The SPSS macro and R script have two limitations. First, they can only handle Pearson product-moment correlations. This is not a major limitation, because correlation is a common measure of effect sizes in meta-analyses. One of the crucial tasks of the samplewise-adjusted procedures is to estimate the sampling variances in several stages of the analysis, which is necessary for computing the adjustment factors. As a result, it is technically difficult to develop one single tool to automatically adapt the computation for different measures of effect size. This is especially true for the SPSS macro. For R, though it may be easier to write a general function for different effect size measures with the help of escalc from metafor, this package does not easily allow the use of mean effect size for computing sample variance (as in the Hunter–Schmidt procedure; see note 2). Nevertheless, we plan to prepare additional SPSS macros and R scripts that can be used for other common effect size measures, such as the standardized mean difference.

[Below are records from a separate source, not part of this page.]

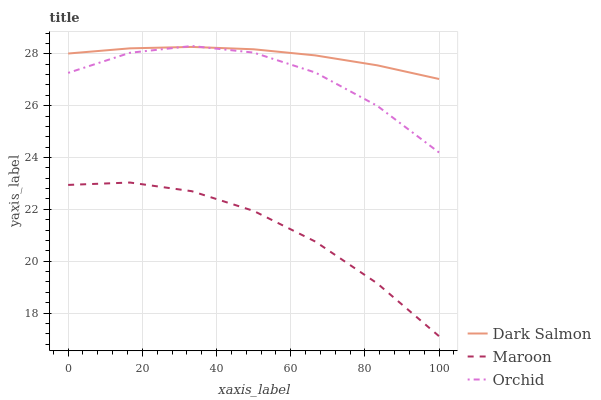Does Orchid have the minimum area under the curve?
Answer yes or no. No. Does Orchid have the maximum area under the curve?
Answer yes or no. No. Is Maroon the smoothest?
Answer yes or no. No. Is Maroon the roughest?
Answer yes or no. No. Does Orchid have the lowest value?
Answer yes or no. No. Does Maroon have the highest value?
Answer yes or no. No. Is Maroon less than Dark Salmon?
Answer yes or no. Yes. Is Orchid greater than Maroon?
Answer yes or no. Yes. Does Maroon intersect Dark Salmon?
Answer yes or no. No. 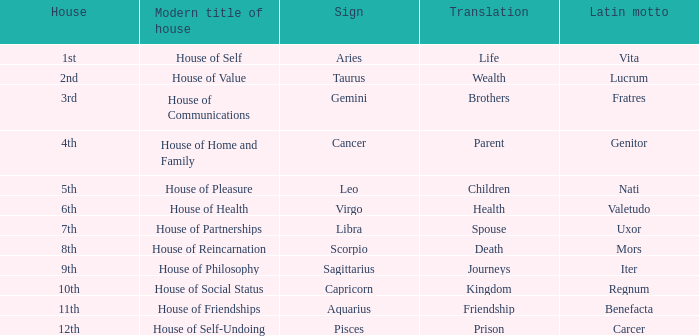Which astrological sign has the Latin motto of Vita? Aries. 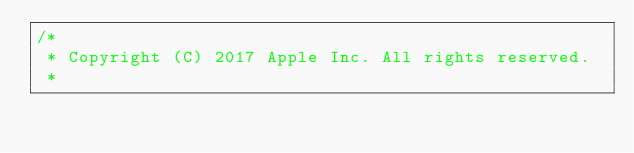Convert code to text. <code><loc_0><loc_0><loc_500><loc_500><_ObjectiveC_>/*
 * Copyright (C) 2017 Apple Inc. All rights reserved.
 *</code> 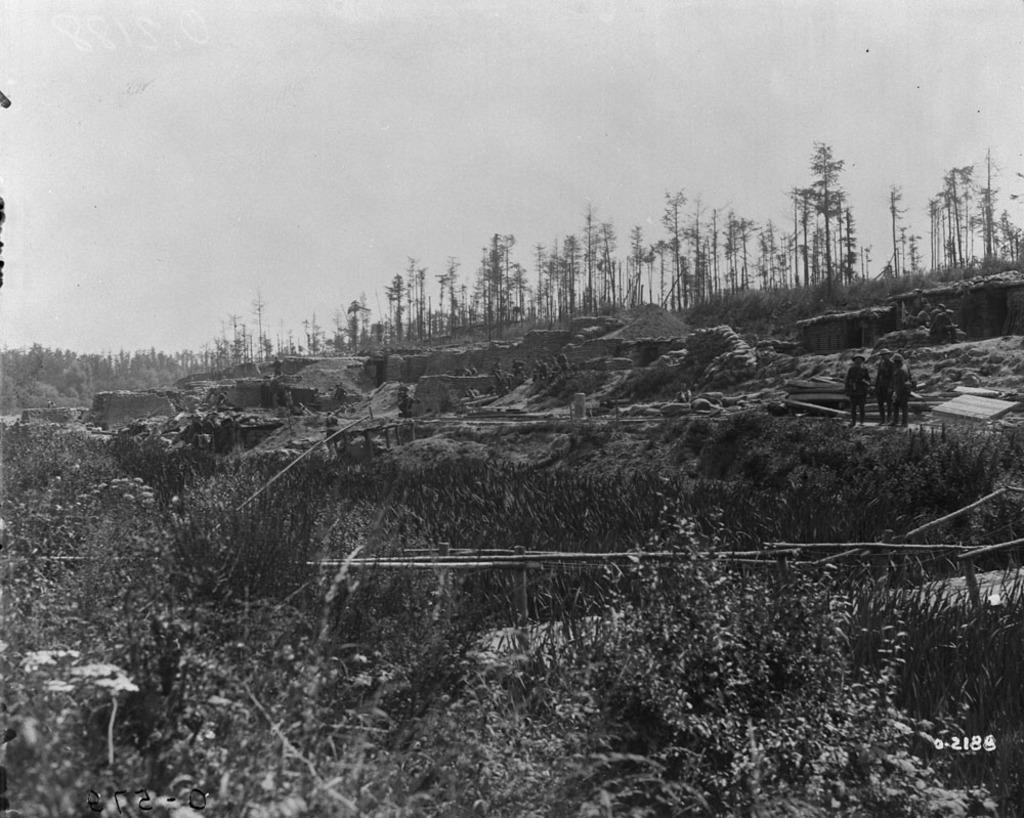Can you describe this image briefly? This image consists of many trees and plants. In the background, there are walls. And there are three persons in this image. At the top, there is a sky.

Second, the SPSS macro and R script cannot handle corrections for artifacts (Schmidt, Le, & Oh, 2009). This is also a limitation of the samplewise-adjusted procedure proposed by Cheung and Chan (2004, 2008). In practice, many meta-analyses of Pearson product-moment correlations do not correct for artifacts for various reasons. Therefore, for those types of meta-analyses, the two tools are sufficient for applying the samplewise procedures. Nevertheless, work is being done to generalize the samplewise procedure to include meta-analyses with correction for artifacts.

Conclusions

In this article, we briefly reviewed the four samplewise procedures for handling dependent correlations and compared them with existing procedures, mainly the three-level meta-analytic model. The results from a small-scale simulation study suggested that in some situations the samplewise-adjusted procedures performed as well as or better than three-level meta-analysis. We presented two tools, an SPSS macro and an R script, that can easily be used to apply the four procedures in a meta-analysis. A numerical example was used to illustrate how the R script can be applied and how the four procedures can yield different results and conclusions. We hope that the two tools we have developed will facilitate the implementation of the samplewise-adjusted procedures and raise awareness of the issue of dependent correlations. We also hope that the tools will discourage the unconditional use of the samplewise-n procedure, which tends to underestimate the degree of heterogeneity, resulting in failure to find variation that could be explained by moderators. Finally, we hope that our small simulation study and our comparison of the samplewise-adjusted procedures and the three-level meta-analytic model can stimulate more empirical studies comparing the different approaches to handling dependent effect sizes. The results of these studies can provide a knowledge base for users to make evidence-based decisions when choosing the approach by which to handle dependent effect sizes in meta-analysis.